=== PROVIDED ENTRIES ===
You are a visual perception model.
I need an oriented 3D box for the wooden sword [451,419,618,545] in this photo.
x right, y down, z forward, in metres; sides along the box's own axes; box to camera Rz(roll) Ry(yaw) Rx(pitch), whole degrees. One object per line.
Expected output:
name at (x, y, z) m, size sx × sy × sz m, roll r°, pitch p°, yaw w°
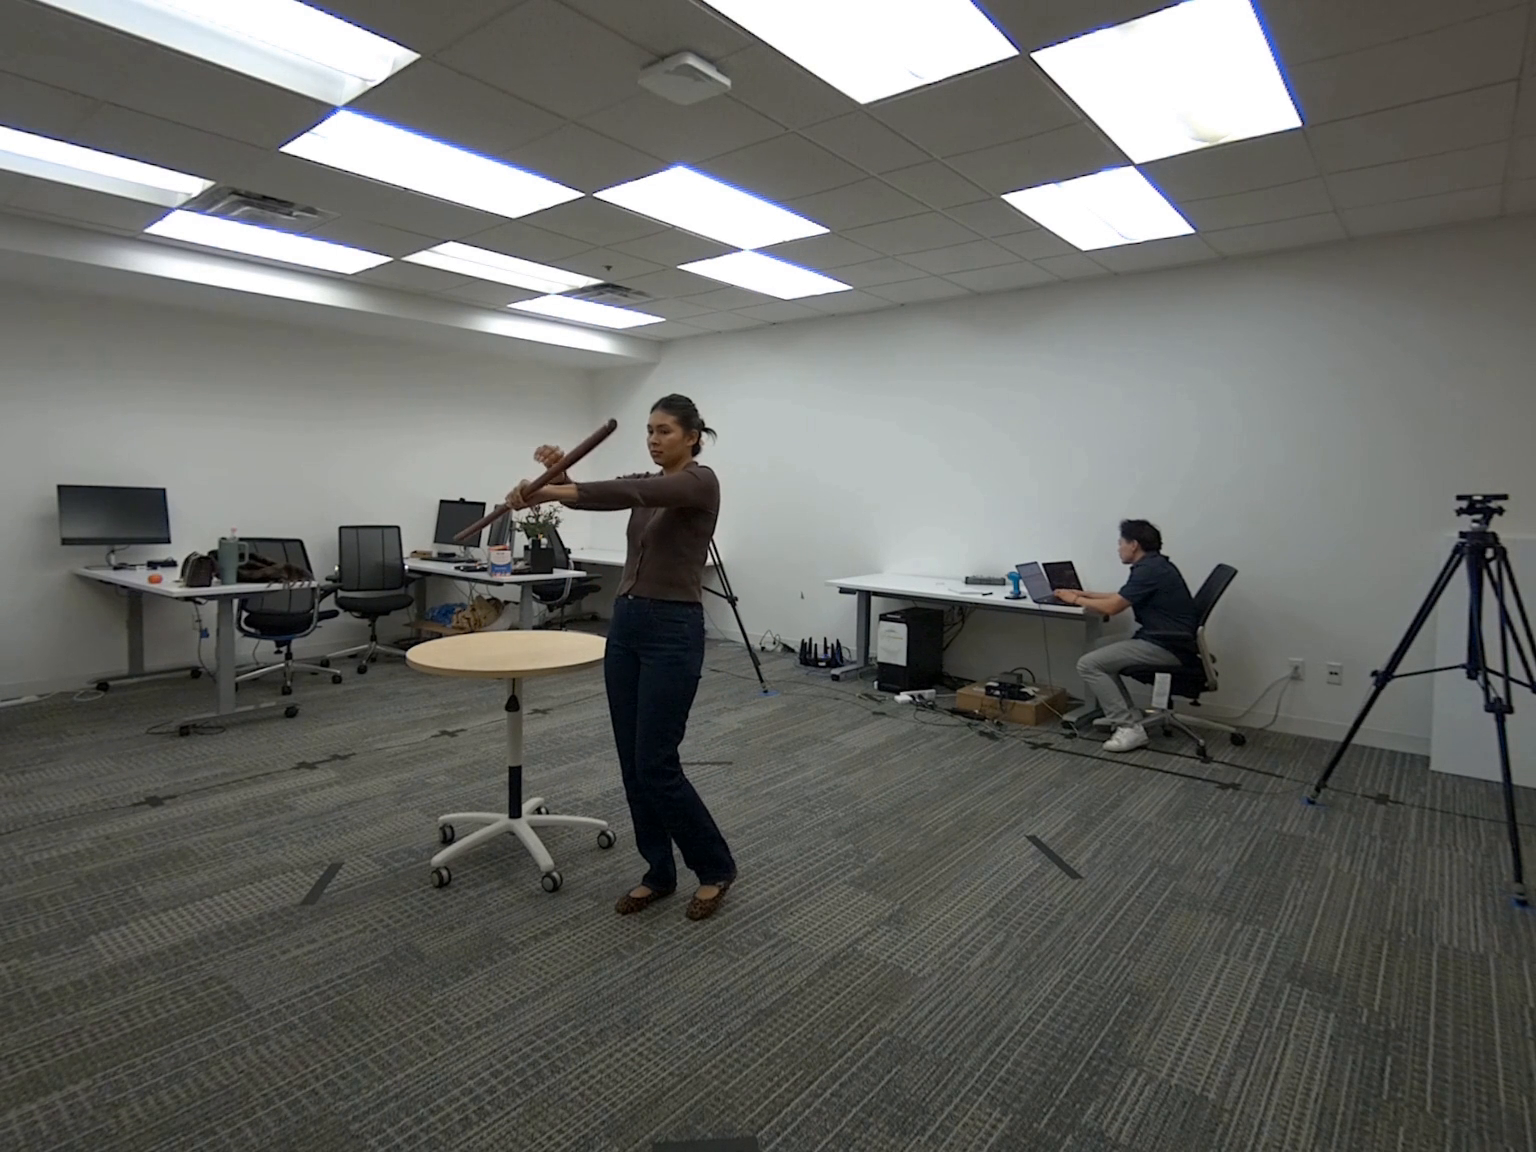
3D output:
wooden sword at (-0.726, -0.237, 2.434) m, size 1.043 × 0.051 × 0.024 m, roll -20°, pitch 8°, yaw 46°

=== YOUR OBJECTIVE ===
Return the lines exactly, from the one containing "I need an oriented" through the last line above, including both ends and excluding every picture.

=== TASK OUTPUT ===
I need an oriented 3D box for the wooden sword [451,419,618,545] in this photo.
x right, y down, z forward, in metres; sides along the box's own axes; box to camera Rz(roll) Ry(yaw) Rx(pitch), whole degrees. One object per line.
Expected output:
name at (x, y, z) m, size sx × sy × sz m, roll r°, pitch p°, yaw w°
3D output:
wooden sword at (-0.726, -0.237, 2.434) m, size 1.043 × 0.051 × 0.024 m, roll -20°, pitch 8°, yaw 46°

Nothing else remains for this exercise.